I think a better tactic would be to just get a pred and with the points you save get a drop pod or 2 for some grey hunters and slam them down right into the mix to take the attention away from anyone walking up (or anyone getting a ride up in a rhino) you don't need to send ya transport into the mix right of the get go.

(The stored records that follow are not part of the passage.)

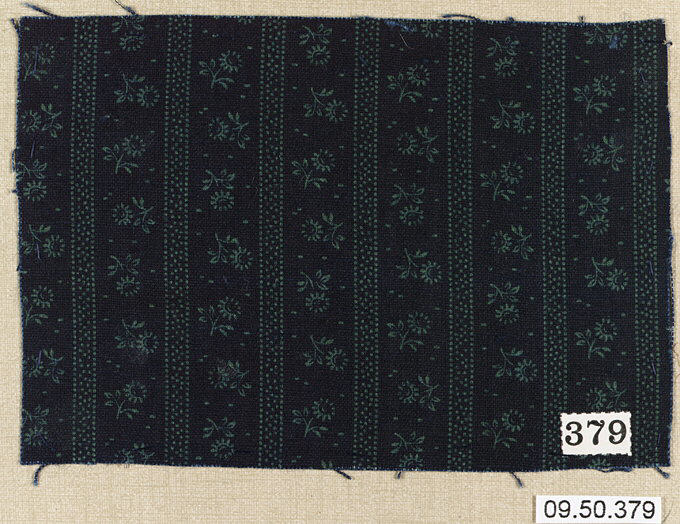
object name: piece
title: Piece (one of 116)
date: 1801-1900
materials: cotton
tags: flowers,leaves

I think to many players(I mostly play noobs though) do this and lose them. much better to save them for a turn or two and then send them in when some of the bigger guns r gone (unless you run them up out of LOS behind something)
but if ya got heavy weapons smashing ya tanks all the time why send the out into the open to get smashed. keep them behind a building or some trees and when something comes into LOS smash it with all ya lascannons then send ya rhino into the guys that are half way across the battle field hopefully exposed.


----------



## lemanruss

What i find is if you have mabey 2 squads of blood claws and 3 squads of grey hunters with long fangs as support.

let the enemy advance to you while blasting them with gh and lf

finally close for the kill with bc riding in rhinos.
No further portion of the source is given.